Kolmogorov Complexity and Algorithmic Randomness
A. Shen, V. A. Uspensky, N. Vereshchagin (2017)
Book
Comprehensive textbook on Kolmogorov complexity—the length of the shortest program that produces a given string. Provides formal foundation for concepts of information and randomness.
Key Learnings:
- Kolmogorov complexity K(x) = length of shortest program producing x
- Incompressible strings are algorithmically random
- K(x) is uncomputable but provides theoretical foundation
- Relates to information theory: K(x) ≈ entropy in many cases
- Provides precise definitions of "simplicity" and "pattern"
- Minimum description length is practical approximation of K(x)
The First Law of Complexodynamics
Scott Aaronson (2011)
Blog
Playful yet profound exploration of how entropy and complexity evolve in physical systems. Discusses why complexity increases then decreases over time.
Key Learnings:
- "Complexity increases, then decreases"—systems evolve from simple to complex to simple
- Connects thermodynamics, computation, and cosmology
- Early universe: low entropy, low complexity
- Middle phase: structure formation increases complexity
- Heat death: maximum entropy, zero complexity
- Provides intuition for why interesting structure exists temporarily
Quantifying the Rise and Fall of Complexity in Closed Systems: The Coffee Automaton
Scott Aaronson, Sean M. Carroll, Lauren Ouellette (2014)
ArXiv
Concrete model (coffee mixing in cream) demonstrating how complexity evolves in thermodynamic systems. Uses cellular automata to make abstract concepts precise.
Key Learnings:
- Complexity can be quantified using various measures (entropy, pattern length)
- Coffee automaton provides toy model of thermodynamic evolution
- Initial state: low entropy, low complexity (separated coffee and cream)
- Intermediate: high complexity (swirling patterns)
- Final: high entropy, low complexity (uniform mixture)
- Illustrates why structure formation is transient phenomenon
Machine Super Intelligence
Shane Legg (2008)
PhD Thesis
Shane Legg's PhD thesis exploring formal definitions of intelligence and paths to machine superintelligence. Legg would go on to co-found DeepMind with Demis Hassabis.
Key Learnings:
- Universal intelligence defined via performance across all computable environments
- AIXI: theoretical optimal agent (but incomputable)

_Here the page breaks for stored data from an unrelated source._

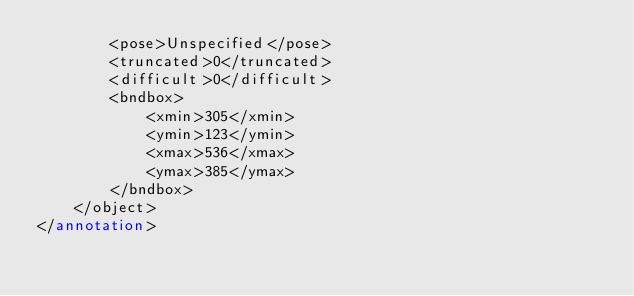Convert code to text. <code><loc_0><loc_0><loc_500><loc_500><_XML_>		<pose>Unspecified</pose>
		<truncated>0</truncated>
		<difficult>0</difficult>
		<bndbox>
			<xmin>305</xmin>
			<ymin>123</ymin>
			<xmax>536</xmax>
			<ymax>385</ymax>
		</bndbox>
	</object>
</annotation>
</code> 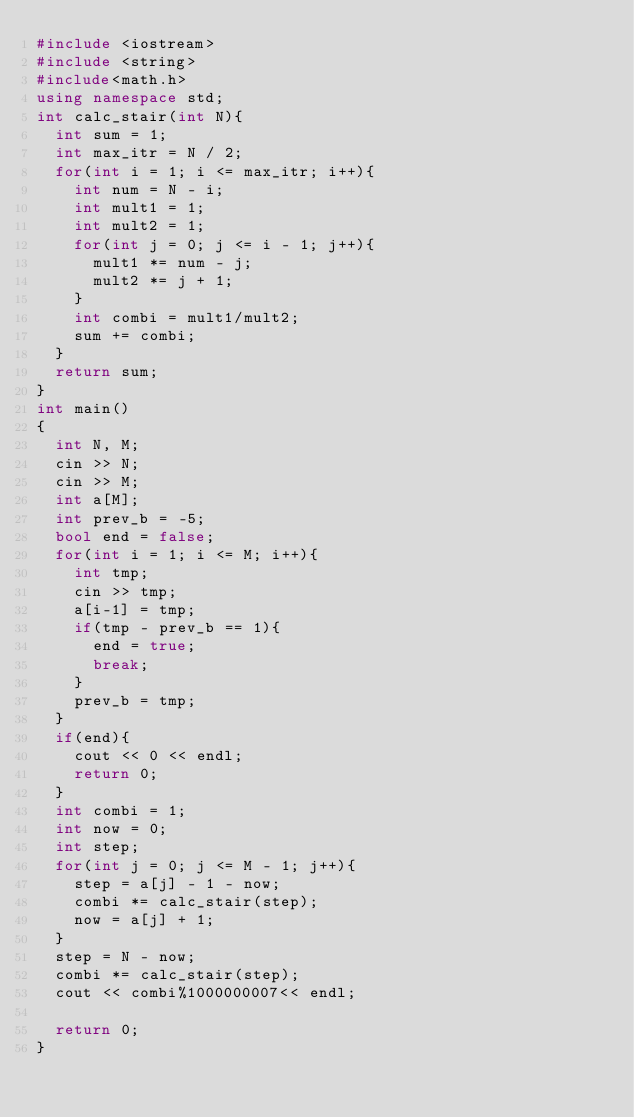Convert code to text. <code><loc_0><loc_0><loc_500><loc_500><_C++_>#include <iostream>
#include <string>
#include<math.h>
using namespace std;
int calc_stair(int N){
  int sum = 1;
  int max_itr = N / 2;
  for(int i = 1; i <= max_itr; i++){
    int num = N - i;
    int mult1 = 1;
    int mult2 = 1;
    for(int j = 0; j <= i - 1; j++){
      mult1 *= num - j;
      mult2 *= j + 1;
    }
    int combi = mult1/mult2;
    sum += combi;
  }
  return sum;
}
int main()
{
  int N, M;
  cin >> N;
  cin >> M;
  int a[M];
  int prev_b = -5;
  bool end = false;
  for(int i = 1; i <= M; i++){
    int tmp;
    cin >> tmp;
    a[i-1] = tmp;
    if(tmp - prev_b == 1){
      end = true;
      break;
    }
    prev_b = tmp;
  }
  if(end){
    cout << 0 << endl;
    return 0;
  }
  int combi = 1;
  int now = 0;
  int step;
  for(int j = 0; j <= M - 1; j++){
    step = a[j] - 1 - now;
    combi *= calc_stair(step);
    now = a[j] + 1;
  }
  step = N - now;
  combi *= calc_stair(step);
  cout << combi%1000000007<< endl;

  return 0;
}
</code> 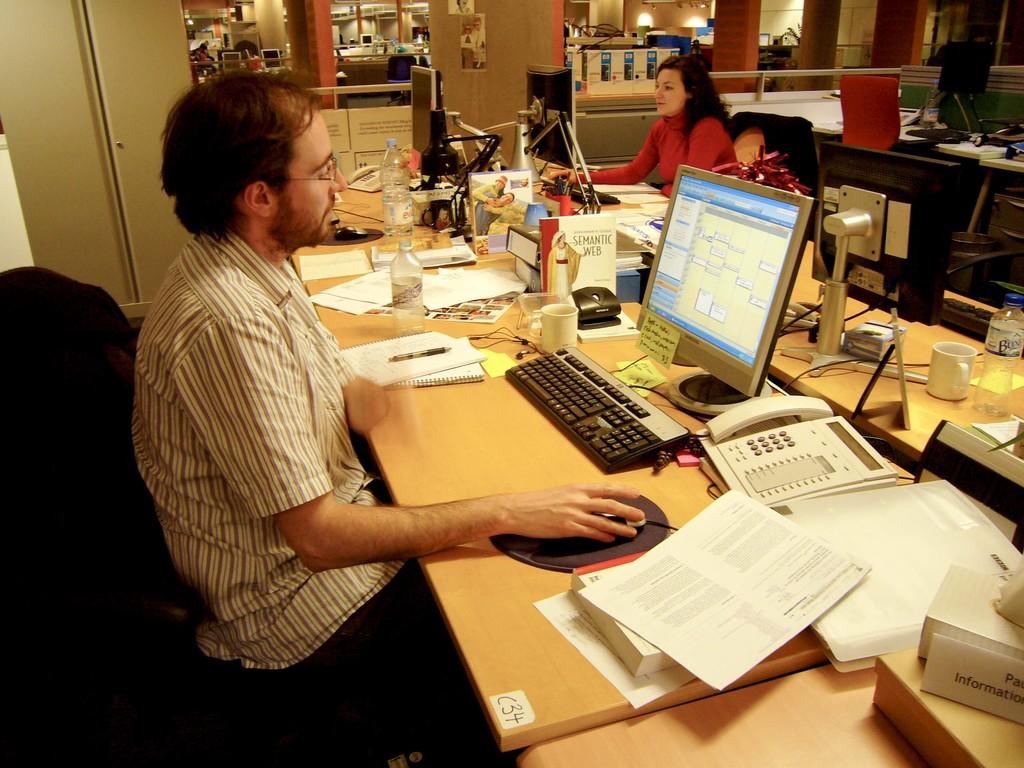What is the title of the book on the man's desk?
Your response must be concise. Semantic web. What are the numbers on the right corner of the table?
Ensure brevity in your answer.  34. 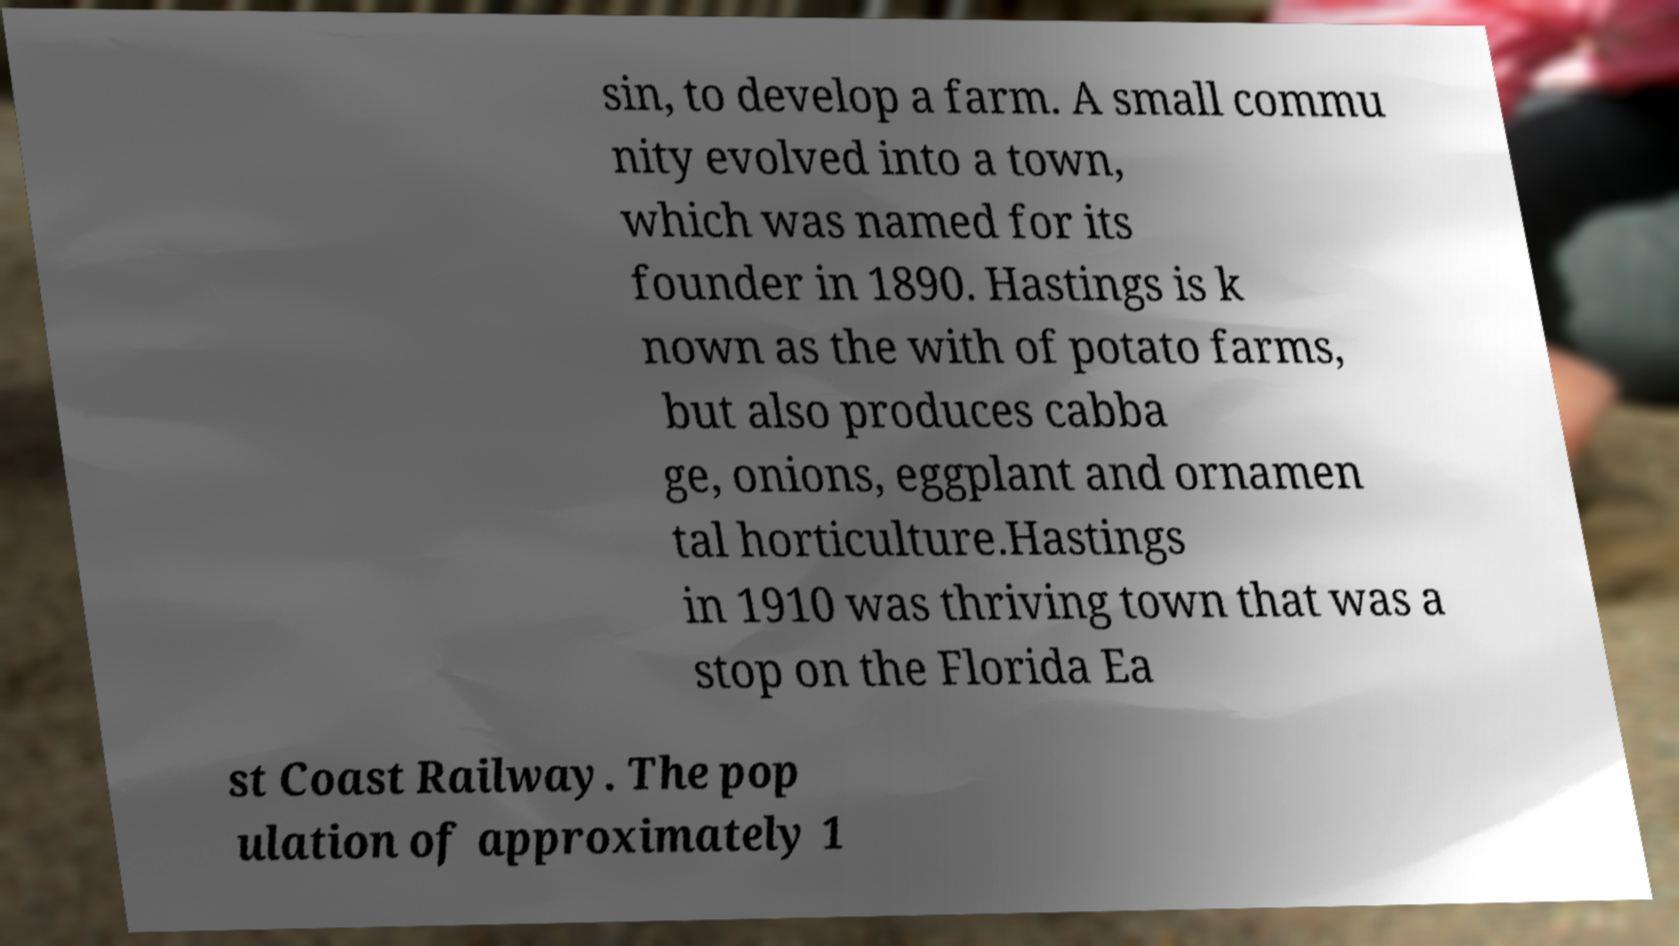What messages or text are displayed in this image? I need them in a readable, typed format. sin, to develop a farm. A small commu nity evolved into a town, which was named for its founder in 1890. Hastings is k nown as the with of potato farms, but also produces cabba ge, onions, eggplant and ornamen tal horticulture.Hastings in 1910 was thriving town that was a stop on the Florida Ea st Coast Railway. The pop ulation of approximately 1

- Intelligence requires balancing exploration vs exploitation
- Takeoff scenarios: slow vs fast paths to superintelligence
- Safety considerations for advanced AI systems
- Established theoretical framework that influenced AI safety research
Why This Collection Matters
Ilya Sutskever's paper selection reveals his philosophy on learning AI: start with solid foundations (CNNs, RNNs), understand architectural innovations (ResNets, attention), master the transformative Transformer architecture, and ground everything in information theory and first principles.
Unlike many AI curricula that focus solely on techniques, this collection emphasizes:
- Theory: Information theory, complexity, and compression as learning foundations
- Fundamentals: Deep understanding of core architectures before chasing latest trends
- Progression: Building from basic CNNs/RNNs to Transformers to specialized modules
- Philosophy: Questions about intelligence, randomness, and computational limits
This isn't just a technical reading list—it's a window into how one of AI's leading researchers thinks about the field.